François Garçon : Considérant l’état de la Suisse, du point de vue de sa prospérité économique, de son calme politique ou encore de sa stabilité sociale, la France aurait très certainement beaucoup à apprendre de la Suisse. De tels atouts sont inséparables de la démocratie directe qui innerve en Suisse tout le système politique. Une démocratie directe qui permet au peuple suisse d’intervenir à tout moment dans la politique, pour réécrire la règle du jeu si celle-ci leur paraît malsaine ou devenue obsolète. En Suisse, le peuple souverain est au centre de tout, il coécrit les lois, peut s’opposer à celles forgées dans les assemblées élues. Le peuple copilote le pays. Ca n’est pas une formule creuse. Tant les élus que l’administration sont parfaitement au courant de ce pouvoir que détiennent les électeurs, tant au niveau communal que cantonal ou encore fédéral. Le peuple, à tout moment, peut défaire une loi, un taux d’imposition fiscal, un accord international. Il ne s’en prive pas. Ce qui rend prudents, parlementaires et exécutifs.
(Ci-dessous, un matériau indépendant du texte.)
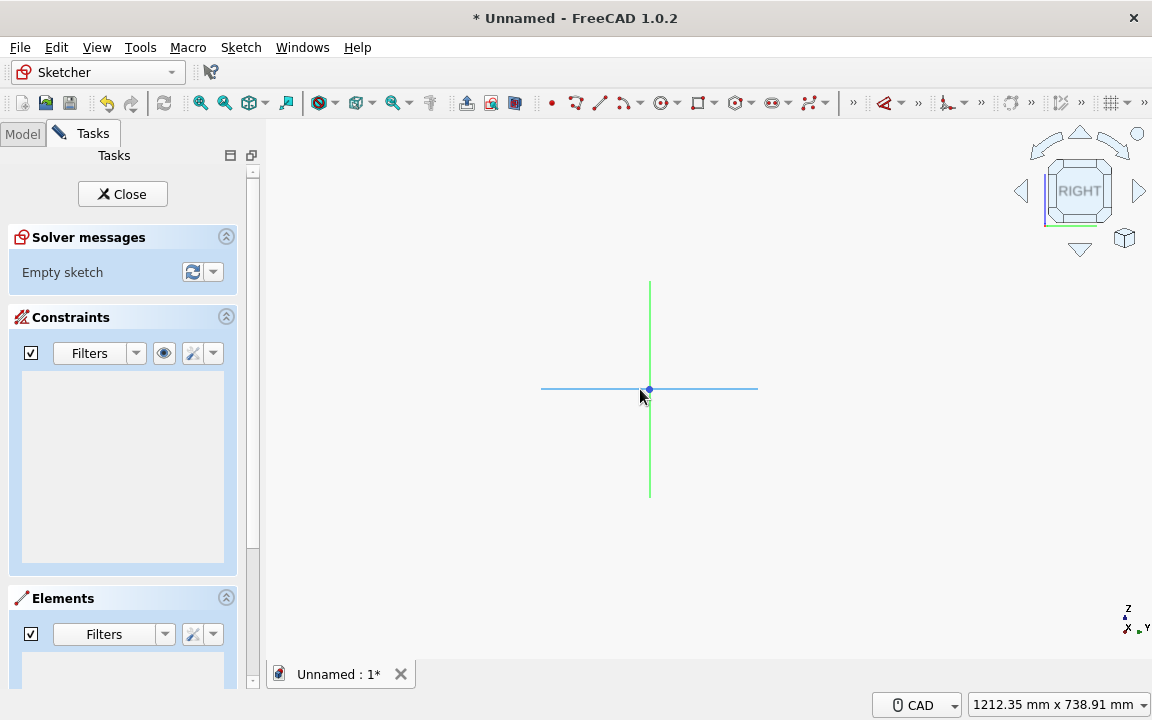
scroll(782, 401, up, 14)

Quid du plan économique et social, peut-être ? Emmanuel Macron pourrait-il aussi s’inspirer de la Suisse sur ces sujets ? 
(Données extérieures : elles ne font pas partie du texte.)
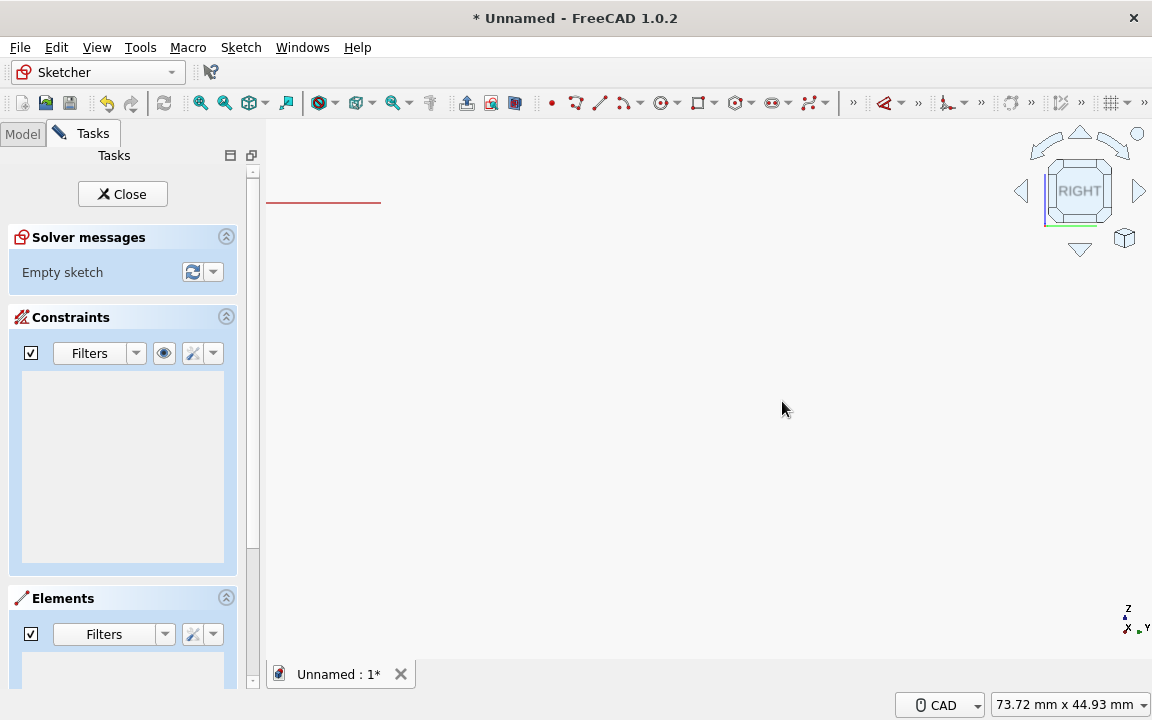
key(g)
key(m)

Il n’est guère pensable que le président Macron et sa cohorte de premiers de la classe, tous issus des mêmes écoles microscopiques au terme de pesants bachotages, puissent trouver en Suisse une source d’inspiration. Les Suisses sont avant des gens pragmatiques, autrement dit des gens qui attendent des résultats. Les Suisses jugent sur résultats. Les beaux discours les indiffèrent, quand ils ne les énervent pas. Le beau parleur est immédiatement suspect. Je parie qu’Emmanuel Macron n’aurait pas même été élu au conseil municipal d’une commune suisse : trop familier, se voulant plus malin que les autres, faisant trop facilement la leçon. Les Français sont gouvernés par des rentiers scolaires. Les résultats qu’ils « délivrent » sont accablants, comme le sont le niveau de la dette publique, l’état de décomposition avancée de notre système de santé, de notre système de formation, de notre justice. Quand, comme Emmanuel Macron, vous vous hissez au sommet de la pyramide sociale par la seule réussite à des concours de la fonction publique, vous êtes incapables d’apprécier un autre modèle de fonctionnement de l’Etat. En l’occurrence, en Suisse, l’Etat est étriqué, « cornérisé », pour reprendre un vocable à la mode. Et les citoyens s’investissent pour empêcher, à tout prix, que l’Etat déborde de ses prérogatives régaliennes et veille à ce qu’il soit le plus économie. e. Le moins d’Etat possible pourrait être la devise des Suisses. Sincèrement, je vois mal ce qui pourrait inspirer Emmanuel Macron au terme de son parcours express de deux jours en terres helvétiques.

Quels sont les points forts économiques de la Suisse dont la France devrait s’inspirer ?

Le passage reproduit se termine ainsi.